Мулк Ананд - Гаури
Пока она боролась с лихорадкой, Амру прокрался в комнату и тихонько пристроился у ее кровати. Болезнь Гаури порядком напугала его. Деньги, обещанные за девушку, спасали его и Лакшми от засухи, и уж теперь-то он вовсе не хотел, чтобы какая-нибудь непредвиденная случайность заставила ростовщика отказаться от девчонки. Это могло произойти в том случае, если Гаури будет продолжать упираться.
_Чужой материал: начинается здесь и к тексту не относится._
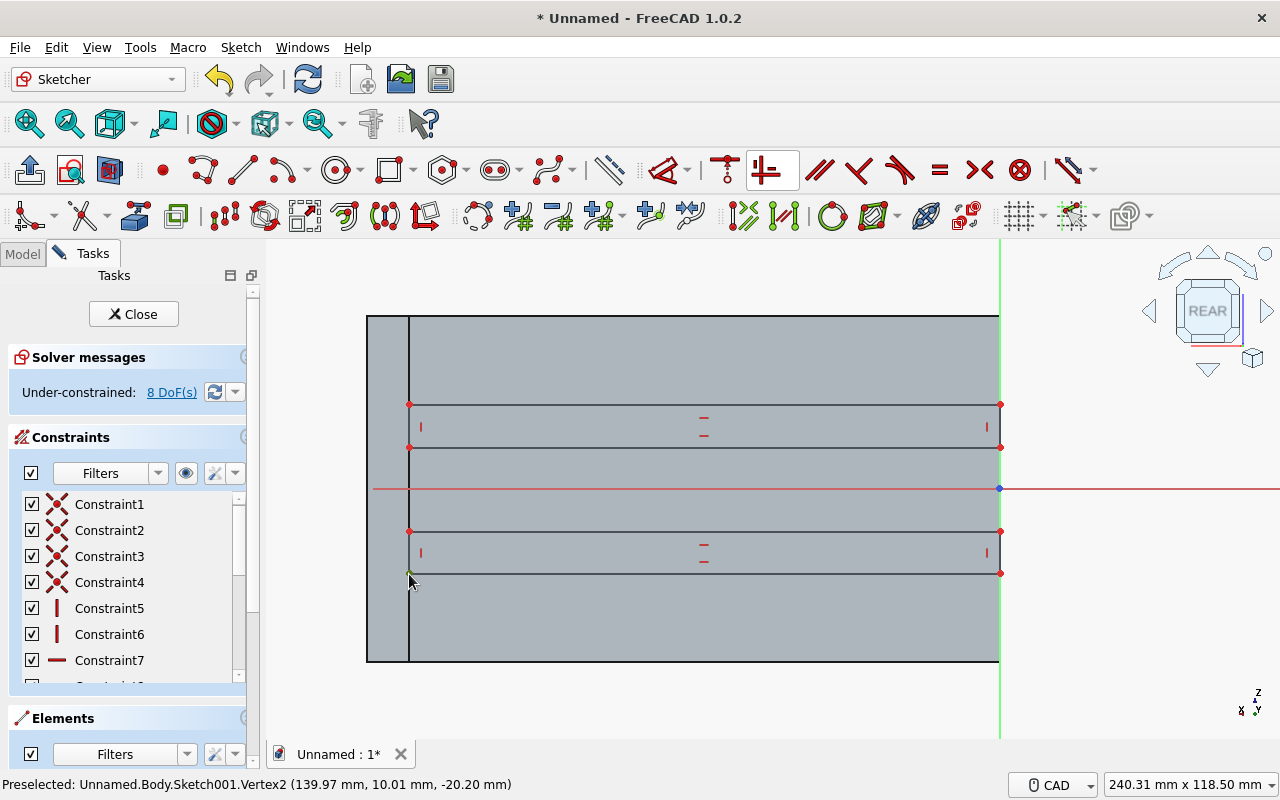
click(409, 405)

В конце концов ростовщику все это просто надоест, и он умоет руки.
— Ну как, моя телочка… — вкрадчиво начал Амру.
Она вдруг замерла, затихла, и только глаза ее горели ярким светом. Присутствие ненавистного Амру, наглость, с какой он осмелился приблизиться к ней, сковали ей язык. Тяжело дыша, она лишь слегка открыла рот и облизнула губы.
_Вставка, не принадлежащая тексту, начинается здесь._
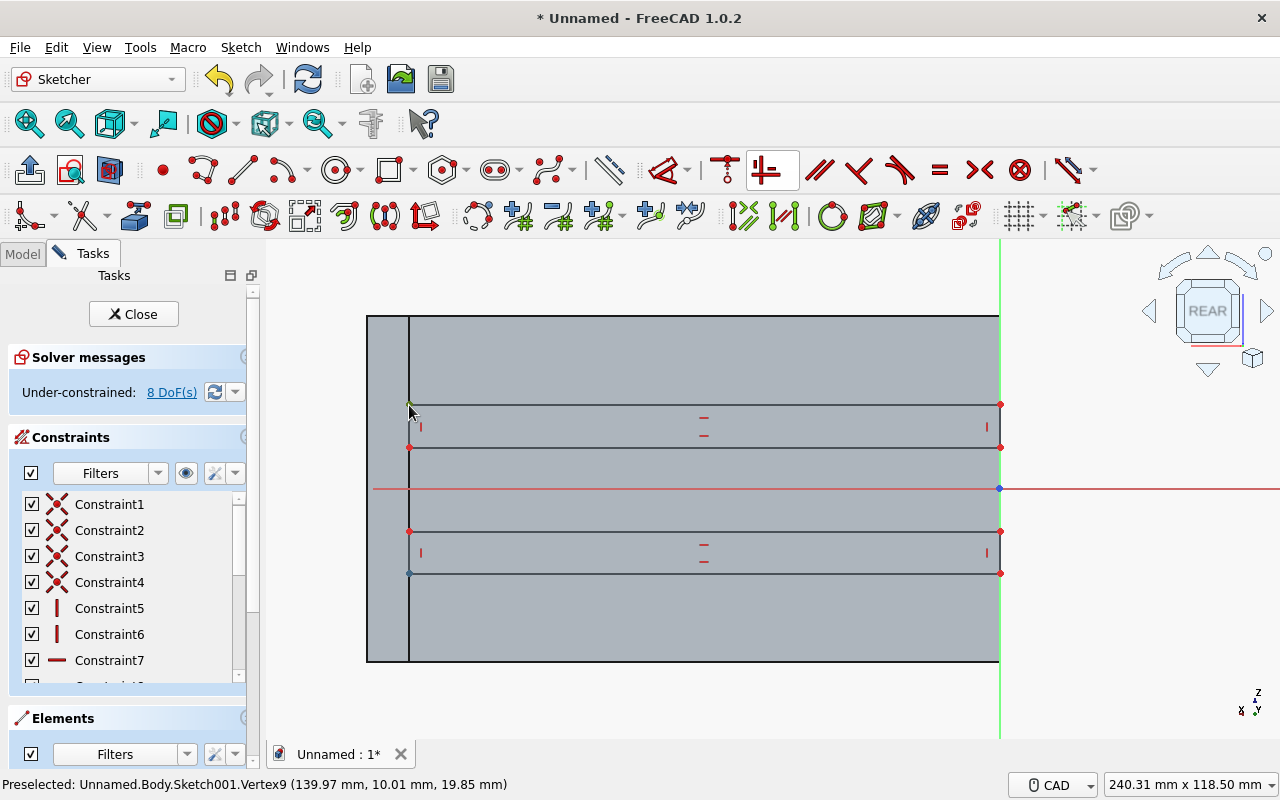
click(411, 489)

Амру понял, что она хочет пить.
— Сейчас я дам тебе воды, — сказал он, подошел к глиняному кувшину, налил холодной воды в медную чашку и протянул ее Гаури.
Она приподнялась, взяла чашку у него из рук и с жадностью стала пить.
— Много не надо, — предостерег он, решив, что от холодной воды ее будет лихорадить еще больше. Но она выпила все до капли, сунула ему в руки чашку и легла снова — ей стало легче.
Амру искоса взглянул на нее и понял по ее подчеркнутому безразличию, как она его ненавидит. И еще он понял, что уже никакой добротой не сможет загладить свою вину перед ней. Понурив голову, он долго сидел в молчании.
— Послушай, Гаури, — вдруг сказал он. — Здесь сейчас никого нет, кроме нас с тобой, но ты не бойся. Как я ни плох, больше я тебя не обижу. Зло сделано — и ты здесь. Теперь тебе остается лишь примириться с тем, что ты принадлежишь сетху Джайраму Дасу. Мы бедны, а беднякам выбирать не приходится. Что до меня, то я не могу свернуть с пути зла — иначе я не спасу свою землю и корову твоей матери. Ведь все эти ростовщики — сущие кровопийцы. Мы же только их покорные слуги.
— Хорошо, пусть так, — перебила его Гаури. — Но как могла мать продать родную дочь? Лучше бы она задушила меня при рождении, чем убивать теперь… — Голос ее звучал по-детски наивно, но в нем чувствовалось возмущение, идущее из глубины души.
— Вряд ли я сумею тебе объяснить, что я думаю о себе самом, — сказал Амру. — Я знаю, что я негодяй. Но прежде чем уйти, я должен сказать тебе, что самое большое мое преступление не в том, что я продал тебя ростовщику. Я сделал худшее — я пожертвовал своей любовью. С тех пор как ты стала взрослой девушкой, я люблю тебя. Я хотел, чтобы ты была моей, а вместо этого отдаю тебя на растерзание другим… Я дважды проклят…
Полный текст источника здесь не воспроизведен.